Evaluation of the novel liver micronucleus assay using formalin-fixed tissues

Shuichi Hamada; Miyuki Shigano; Satoru Kawakami; Maya Ueda; Hajime Sui; Katsuya Yamada; Soichiro Hagio; Ayaka Momonami; Akihisa Maeda; Yukari Terashima; Wakako Ohyama; Takeshi Morita; Makoto Hayashi

doi:10.1186/s41021-019-0128-5

Evaluation of the novel liver micronucleus assay using formalin-fixed tissues

Genes Environ. 2019 May 9:41:13. doi: 10.1186/s41021-019-0128-5. eCollection 2019.

Authors

Affiliations

¹ Safety Assessment Department, Nonclinical Research Center, Drug Development Service Segment, LSI Medience Corporation, 14-1, Sunayama, Kamisu-shi, Ibaraki, 314-0255 Japan.
² 2Asahi Kasei Pharma Corporation, 632-1 Mifuku, Izunokuni-shi, Shizuoka, 410-2321 Japan.
³ BioSafety Research Center Inc., 582-2 Shioshinden, Iwata-shi, Shizuoka, 437-1213 Japan.
⁴ 4Food and Drug Safety Center, 729-5 Ochiai, Hadano-shi, Kanagawa 257-8523 Japan.
⁵ 5Mitsubishi Tanabe Pharma Corporation, 2-2-50 Kawagishi, Toda-shi, Saitama, 335-8505 Japan.
⁶ Nissan Chemical Corporation, 1470 Shiraoka, Shiraoka-shi, Saitama, 349-0294 Japan.
⁷ Suntory MONOZUKURI Expert Ltd., 8-1-1 Seikadai, Seika-cho, Soraku-gun, Kyoto, 619-0284 Japan.
⁸ 8Toray Industries Inc., 6-10-1 Tebiro, Kamakura-shi, Kanagawa 248-8555 Japan.
⁹ 9Kissei Pharmaceutical Co., Ltd., 2320-1 Maki, Hotaka, Azumino-shi, Nagano, 399-8305 Japan.
¹⁰ 10Yakult Honsha Co., Ltd., 5-11 Izumi, Kunitachi-shi, Tokyo, 186-8650 Japan.
¹¹ 11National Institute of Health Sciences, 3-25-26 Tonomachi, Kawasaki-shi, Kanagawa 210-9501 Japan.
¹² makoto international consulting, 4-23-3-1 Kamiimaizumi, Ebina-shi, Kanagawa 243-0431 Japan.

Abstract

Background: The repeated-dose liver micronucleus (RDLMN) assay is an effective and important in vivo test for detecting genotoxic compounds, particularly for those that require metabolic activation to show genotoxicity. In a collaborative study by the Collaborative Study Group for the Micronucleus Test (CSGMT)/The Japanese Environmental Mutagen Society (JEMS) - Mammalian Mutagenicity Study Group (MMS), micronucleus induction of 22 chemicals with the RDLMN assay employing the collagenase digestion method was examined and reported on. Recently, we have developed a method which enables retrospective evaluation of micronucleus induction in formalin-fixed liver tissues (the formalin-fixed method) obtained in general toxicity studies completed in the past. Using this method, we were able to easily evaluate clastogenic potential of chemicals from the formalin-fixed tissues obtained in the general toxicity studies.In this study, to evaluate the usefulness of the formalin-fixed method, we have conducted a liver micronucleus assay using the formalin-fixed liver samples obtained from the above collaborative study (18 of 22 test chemicals) and carried out a comparison with the results obtained by the collagenase digestion method.
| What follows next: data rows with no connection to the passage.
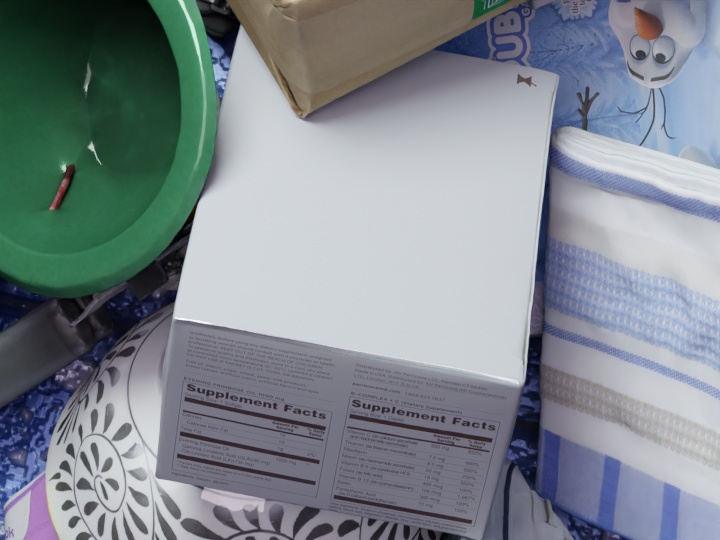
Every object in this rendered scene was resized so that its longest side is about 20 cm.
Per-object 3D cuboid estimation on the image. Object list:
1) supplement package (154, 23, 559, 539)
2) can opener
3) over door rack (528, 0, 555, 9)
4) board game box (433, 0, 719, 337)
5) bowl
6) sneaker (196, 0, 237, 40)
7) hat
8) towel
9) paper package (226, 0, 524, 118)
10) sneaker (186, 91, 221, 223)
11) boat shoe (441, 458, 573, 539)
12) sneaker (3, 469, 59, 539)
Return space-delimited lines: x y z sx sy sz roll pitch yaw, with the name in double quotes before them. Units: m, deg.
"supplement package" 0.000 0.000 1.339 0.155 0.111 0.200 10 46 0
"can opener" -0.154 0.019 1.460 0.200 0.053 0.067 -37 91 21
"over door rack" 0.181 -0.100 1.369 0.199 0.067 0.148 -19 84 21
"board game box" 0.137 -0.072 1.447 0.198 0.043 0.201 -6 90 21
"bowl" -0.053 0.073 1.408 0.200 0.094 0.201 2 51 -2
"sneaker" -0.046 -0.172 1.495 0.199 0.077 0.112 5 97 -8
"hat" -0.097 -0.081 1.396 0.165 0.176 0.201 -27 73 27
"towel" 0.139 0.040 1.372 0.147 0.024 0.201 21 119 39
"paper package" 0.008 -0.201 1.334 0.200 0.104 0.191 -28 67 -12
"sneaker" -0.160 -0.062 1.500 0.199 0.076 0.092 -1 54 14
"boat shoe" 0.071 0.143 1.390 0.067 0.200 0.074 20 106 0
"sneaker" -0.084 0.121 1.464 0.200 0.073 0.115 -14 79 3
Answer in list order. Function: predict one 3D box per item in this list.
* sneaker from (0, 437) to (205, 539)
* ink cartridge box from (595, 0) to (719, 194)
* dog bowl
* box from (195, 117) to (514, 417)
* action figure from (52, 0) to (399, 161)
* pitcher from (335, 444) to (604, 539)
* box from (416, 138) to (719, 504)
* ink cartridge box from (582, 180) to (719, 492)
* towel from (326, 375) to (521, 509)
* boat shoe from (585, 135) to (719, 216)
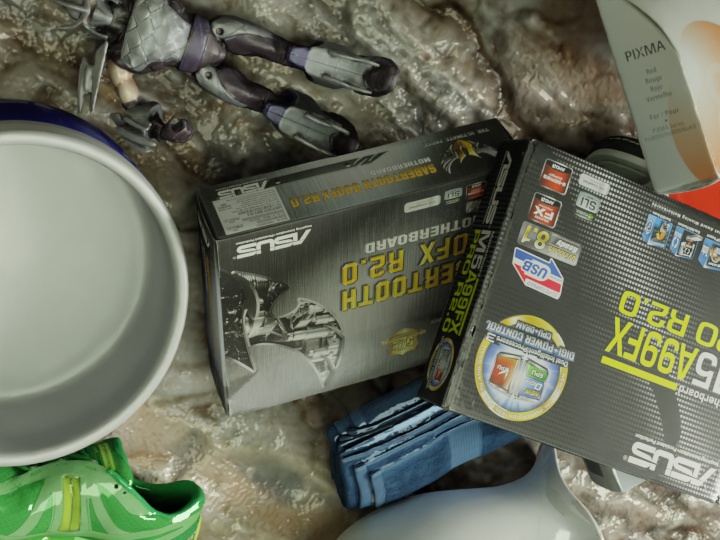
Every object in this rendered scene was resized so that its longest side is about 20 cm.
[{"bbox_3d":[-0.185,0.135,0.915,0.198,0.074,0.084,22,104,-36],"label":"sneaker"},{"bbox_3d":[0.200,-0.164,0.878,0.162,0.050,0.203,-28,104,-49],"label":"ink cartridge box"},{"bbox_3d":[-0.204,0.006,0.851,0.197,0.079,0.203,-8,113,-18],"label":"dog bowl"},{"bbox_3d":[0.000,0.000,0.912,0.197,0.049,0.160,-14,136,-15],"label":"box"},{"bbox_3d":[-0.083,-0.127,0.852,0.198,0.070,0.131,17,109,-22],"label":"action figure"},{"bbox_3d":[0.079,0.215,0.986,0.198,0.172,0.123,-23,121,-12],"label":"pitcher"},{"bbox_3d":[0.149,0.032,0.868,0.198,0.044,0.162,21,86,-20],"label":"box"},{"bbox_3d":[0.209,0.023,0.935,0.198,0.047,0.162,-26,102,-14],"label":"ink cartridge box"},{"bbox_3d":[0.072,0.098,0.984,0.198,0.049,0.112,-26,155,-10],"label":"towel"},{"bbox_3d":[0.238,-0.043,1.010,0.199,0.075,0.061,31,60,-18],"label":"boat shoe"}]
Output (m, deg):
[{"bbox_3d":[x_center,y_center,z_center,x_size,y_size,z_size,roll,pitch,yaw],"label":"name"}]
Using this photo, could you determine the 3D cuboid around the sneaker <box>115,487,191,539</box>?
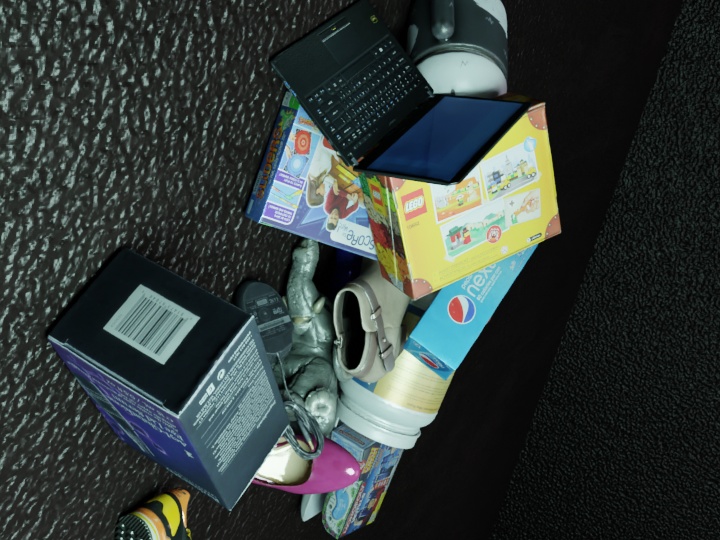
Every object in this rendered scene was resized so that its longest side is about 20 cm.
[{"bbox_3d":[-0.217,0.330,0.991,0.090,0.069,0.204,-32,138,-49],"label":"sneaker"}]

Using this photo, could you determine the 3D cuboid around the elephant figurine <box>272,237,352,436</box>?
[{"bbox_3d":[-0.058,0.094,1.070,0.155,0.139,0.203,-47,-159,58],"label":"elephant figurine"}]

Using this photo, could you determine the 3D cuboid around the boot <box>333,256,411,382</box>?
[{"bbox_3d":[0.013,0.027,1.051,0.146,0.069,0.205,2,81,-66],"label":"boot"}]

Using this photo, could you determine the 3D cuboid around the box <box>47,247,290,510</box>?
[{"bbox_3d":[-0.159,0.100,0.794,0.105,0.146,0.202,-53,154,-27],"label":"box"}]

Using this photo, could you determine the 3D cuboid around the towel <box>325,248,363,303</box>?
[{"bbox_3d":[0.000,0.000,1.204,0.147,0.049,0.204,-20,130,-54],"label":"towel"}]

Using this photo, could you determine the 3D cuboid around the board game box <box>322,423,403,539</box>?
[{"bbox_3d":[-0.001,0.301,1.392,0.199,0.061,0.204,14,99,-67],"label":"board game box"}]

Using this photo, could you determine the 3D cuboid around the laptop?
[{"bbox_3d":[0.044,-0.184,0.891,0.103,0.201,0.177,-30,-170,47],"label":"laptop"}]

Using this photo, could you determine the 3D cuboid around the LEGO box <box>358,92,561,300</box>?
[{"bbox_3d":[0.108,-0.082,0.961,0.197,0.077,0.152,-23,116,-18],"label":"LEGO box"}]

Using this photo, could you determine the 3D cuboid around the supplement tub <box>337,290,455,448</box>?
[{"bbox_3d":[0.055,0.115,1.189,0.204,0.143,0.144,-67,158,6],"label":"supplement tub"}]

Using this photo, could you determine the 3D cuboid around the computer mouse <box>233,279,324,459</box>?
[{"bbox_3d":[-0.089,0.107,0.968,0.058,0.204,0.034,-13,170,-39],"label":"computer mouse"}]

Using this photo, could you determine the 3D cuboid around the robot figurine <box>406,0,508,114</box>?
[{"bbox_3d":[0.111,-0.254,1.057,0.124,0.148,0.204,-33,-136,46],"label":"robot figurine"}]

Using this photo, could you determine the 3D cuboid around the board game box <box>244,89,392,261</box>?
[{"bbox_3d":[-0.015,-0.093,0.960,0.197,0.034,0.138,18,95,-40],"label":"board game box"}]

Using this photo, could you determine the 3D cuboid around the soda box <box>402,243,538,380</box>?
[{"bbox_3d":[0.134,0.025,1.072,0.201,0.067,0.064,-54,174,-18],"label":"soda box"}]

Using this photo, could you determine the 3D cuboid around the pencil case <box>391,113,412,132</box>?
[{"bbox_3d":[0.060,-0.171,1.120,0.199,0.087,0.090,-33,142,-54],"label":"pencil case"}]

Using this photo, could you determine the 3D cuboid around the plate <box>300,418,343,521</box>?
[{"bbox_3d":[-0.026,0.279,1.434,0.199,0.032,0.203,-9,120,-65],"label":"plate"}]

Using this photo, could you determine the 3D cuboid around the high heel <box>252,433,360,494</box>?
[{"bbox_3d":[-0.102,0.208,0.972,0.096,0.195,0.069,25,68,-74],"label":"high heel"}]

Results: Comparison of the collagenase digestion and formalin-fixed methods was conducted using the results of the micronucleus assays with a total of 18 test chemicals which included 12 genotoxic hepatocarcinogens (Group A), 4 genotoxic carcinogens but not liver targeted (Group B), and 2 nongenotoxic hepatocarcinogens (Group C). The formalin-fixed method obtained the similar results as the collagenase digestion method in 10 out of the 12 chemicals of Group A, and all chemicals of Group B and Group C. Although the results were statistically contradictive due to different levels of concurrent negative control, the 2 other chemicals of Group A showed comparable responses between the two methods.

Conclusion: The present study shows that the formalin-fixed method is capable of detecting liver carcinogens with sensitivity equal to or higher than that of the collagenase digestion method. We recommend use of the formalin-fixed method because of its capability of enabling retrospective evaluation of micronucleus induction in the formalin-fixed liver tissues obtained in general toxicity studies completed in the past.

Keywords: Collagenase; Formalin-fixed tissue; Hepatocyte; Liver; Micronucleus assay.